Description

Chronic diseases and associated declines in physical and cognitive performance contribute greatly to lost independence with aging. In addition to a lack of effective interventions other than exercise to address either problem, few studies have examined strategies for targeting both conditions in frail individuals who may experience difficulties with both walking and memory. Use of geroscience-guided therapies permits us to target mechanisms shared by aging with chronic conditions for which aging represents a major risk factor. Thus, instead of focusing on one single disease at a time, it may be possible to delay the onset and progression of disability involving multiple functional domains.

Gait speed is predictive of mobility, morbidity, and mortality in older adults. Vasoreactivity is a critical cerebrovascular control mechanism used to maintain brain perfusion during metabolic demands such as walking. In contrast to healthy older adults, middle cerebral artery blood flow velocities fail to increase proportionally in response to walking speed in slow walkers. Thus, abnormalities in vasoreactivity and perfusion adaptation to metabolic demands may reflect and contribute to declines in gait speed.
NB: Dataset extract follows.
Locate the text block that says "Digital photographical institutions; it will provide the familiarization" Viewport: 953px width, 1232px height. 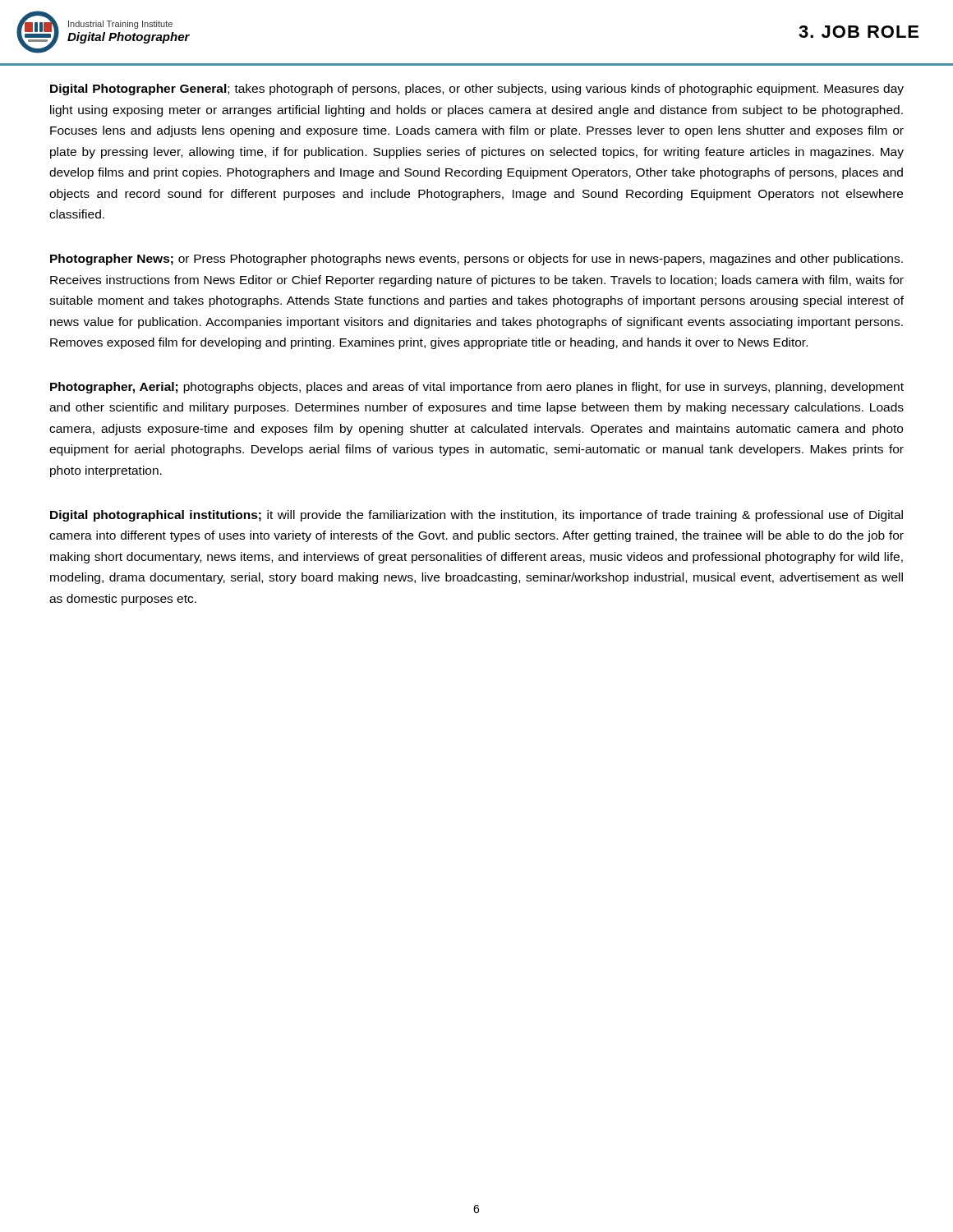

Mild cognitive impairment (MCI), an intermediate condition between normal cognitive performance and dementia, significantly increases the risk of transitioning dementia caused by Alzheimer's disease (AD). Moreover, changes in physical and cognitive function frequently co-exist in the same individual and influence each other.

In the absence of other effective therapies, modifiable cardiovascular risk factors (e.g., hypertension, atherosclerosis, cerebral hypoperfusion) represent opportunities to prevent declines in physical and cognitive function by targeting the vascular endothelium and vasodilation.

Physiological reactive oxygen species (ROS) levels play critical roles in cerebral vasculature, which can contribute to the regulation of brain perfusion through their action in vascular tone control. Of the many potential cellular sources of ROS in the vasculature, mitochondria are the major source in endothelium regulation of vascular homeostasis and are associated with aging and cardiovascular disease. Specifically, mitochondrialtargeted antioxidant, MitoQ, improves vascular endothelial function by reducing mitochondrial ROS (mtROS) in older adults and animal models.

Investigators have recently shown that MitoQ, a mitochondria-targeted antioxidant known to improve endothelial function and Nitric Oxide (NO) bioavailability, also restore impaired flow-mediated vasodilation in frail older adults, enhancing gait speed. In the Mito-Frail study, investigators will explore the hypothesis that MitoQ attenuates aging-related declines in flow-mediated vasodilation involving both peripheral and cerebral blood vessels. At the same time, investigators will obtain feasibility and pilot data involving measures of physical mobility and cognitive performance that may help us design and power a future clinical trial. Thus, this study will seek to develop strategies for preventing or slowing the progression of Alzheimer's Disease and the vascular contribution to dementia.

Therefore, Aim 1 will assess peripheral and cerebral NO bioavailability and mitochondrial reactive oxygen species (mtROS) levels in older adults who are healthy, others who are frail with slow walking speed and those who meet criteria for mild cognitive impairment (MCI). Aim 2 will determine whether MitoQ supplementation can enhance NO bioavailability and improve declines in flow-mediated vasodilation central and cerebral vessels.

Moreover, this study will also generate physical performance and cognitive data needed to design and power a future clinical trial focused on these functional outcomes.